Road Tripping in Thailand
As Elvis explained, Thailand is a fantastic country to explore by scooter, but it needs some mental preparation. “We encourage people to come and ride here but take care, you’ll find it very different from your home country. There are many, many beautiful sights to see when on your scooter and we’d highly recommend a visit to Chiang Mai in the north of Thailand. It’s an ancient city with a perfect blend of incredible mountains and historically rich architecture. The weather here can change quickly and when the rain comes, it comes in very hard, fortunately it also dries very quickly too.
“There are also huge traffic jams in the big cities, these are often caused by scooters, but scooters are also the only way to find a way through them. Another thing to keep in mind is that outside of the main towns and cities you can’t rely on an internet signal, so you must plan and know your route first.”
Whether it’s as part of a family holiday or dedicated riding adventure, if your appetite’s been whetted and you fancy scooting Thailand, We Scooter’s helped put together a few basic points for you to consider (facing page). However Elvis’ main recommendations are simple: “Ride carefully, observe the law, take your time and enjoy all the breathtaking scenes that Thailand has to offer.”
Thai Specification Royal Alloy
Royal Alloy TG 150s
Colour: Valencia Orange and Ivory
Engine type: Single cylinder four valve SOHC 149cc
Fuel System: Delphi EFI
Start mode: Electric
Max net power, rate (kW/r/min): 9.8/8500
Overall size: 1845 x 670 x 1115
Fuel tank capability (L): 10.5
Net loading weight (kg): 139
Front brake: Disc brake ABS
Rear brake: Disc brake ABS
If you listen to no other advice, buy a good travel insurance policy before you travel and make sure it covers you for riding a motorcycle in the country you’re visiting. Policies have different requirements but most stipulate that a helmet must be worn and you have a valid licence for the scooter you’ll be riding. If you don’t comply with their terms and conditions your insurance company is well within their rights to refuse your cover. It may seem like a faff sorting that out but the backpacker forums are filled with stories of travellers who chose to save a few pounds but now face crippling medical bills.
Rental shops offer them for free, but inevitably they’re made of cheap plastic and probably do more harm than good in a tumble. This type of helmet is also sold around markets and busy streets, often for around $5. If you think a helmet costing so little’s going to prevent you from serious injury then Darwin probably had a point. It’s much better to visit a main dealer and addresses for these can easily be found on the internet. It’s also possible to take your own helmet with you and it’s always worth enquiring whether your airline will allow them as carry-on luggage. If you’ve an old helmet at home our tip is to take that with you, it’ll be better than most helmets bought locally. Invariably you’re going to sweat and get dusty and an old helmet can be discarded at the end of your trip.

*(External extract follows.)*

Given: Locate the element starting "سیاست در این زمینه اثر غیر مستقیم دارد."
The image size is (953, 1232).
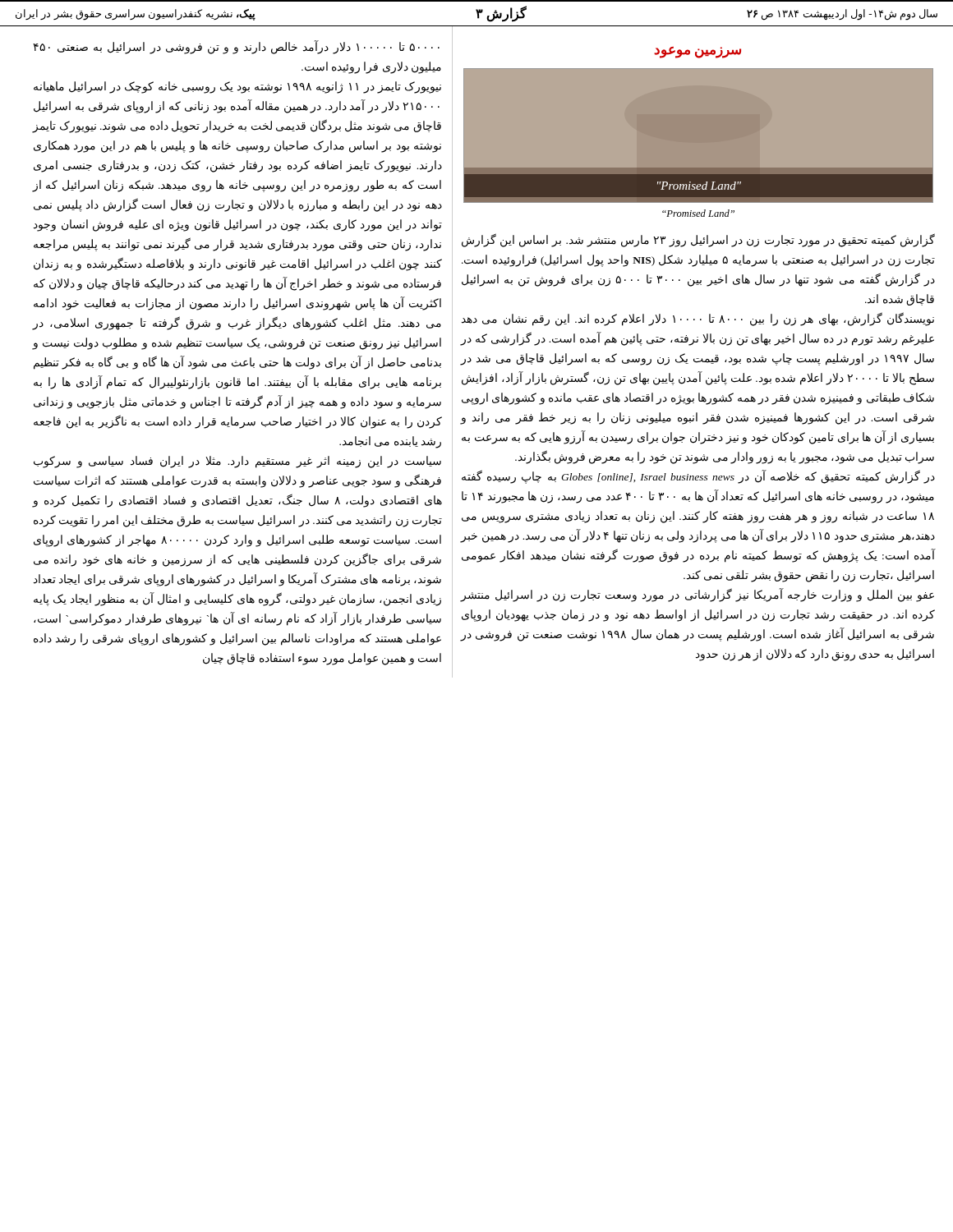Looking at the screenshot, I should [237, 560].
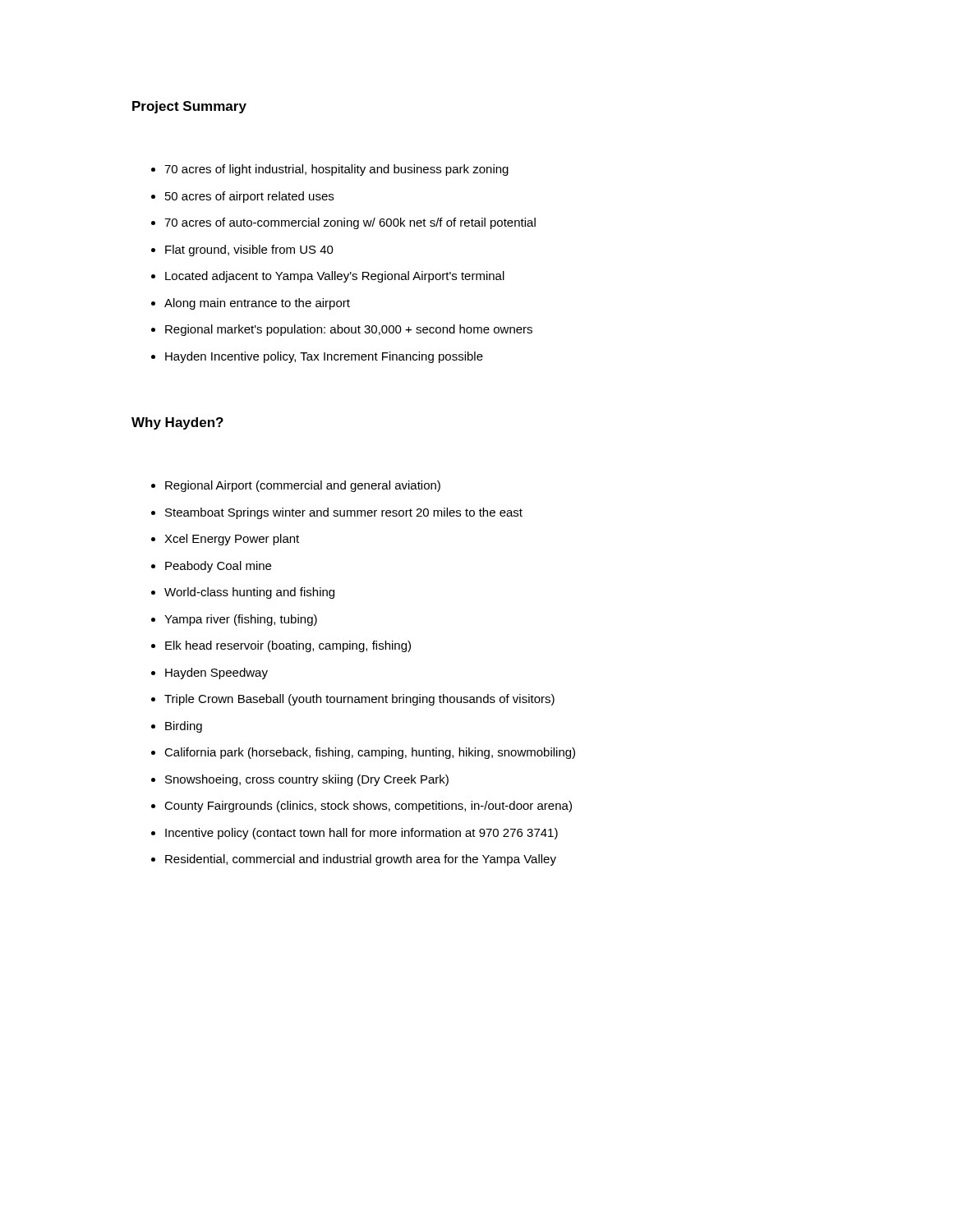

Renting a scooter in Thailand is not a problem but you’ll have to produce your passport and driving licence. In most places it will be copied and handed back to you but some shops insist on keeping your passport until you bring the vehicle back. The local police can insist on seeing your papers in the event of an accident and not being in possession of your passport can be problematic so it’s worth negotiating a deposit that allows you to keep hold of your documents.
Before you ride off, always take photographs of the scooter, paying close attention to it, particularly to any scratches or existing damage. Make sure that the staff are made aware of them and always insist that they mark them on the rental form.
Please bear in mind that Thailand has some of the most dangerous roads in the world. Accidents are frequent, with the victims usually being expats or tourists. Ride with caution and observe the traffic very critically. Stick to the left and ride at a steady pace. Remember to use your mirrors very, very frequently and always indicate, especially in the cities. This is true even if the locals don’t.
Drunk driving is not strictly punished in Thailand and many people drive under the influence of drink and many other substances too! Keep your eyes, ears and wits about you. You may be the safest rider on earth but that doesn’t allow for others on the road.
Words: Rik / We Scooter / Elvis Lv
Images: Chalermchai Tunsingha (Nuim) / Royal Alloy Thailand / We Scooter
To see the rest of the images from this story, take a look at the full article in the January 2022 issue of Scootering.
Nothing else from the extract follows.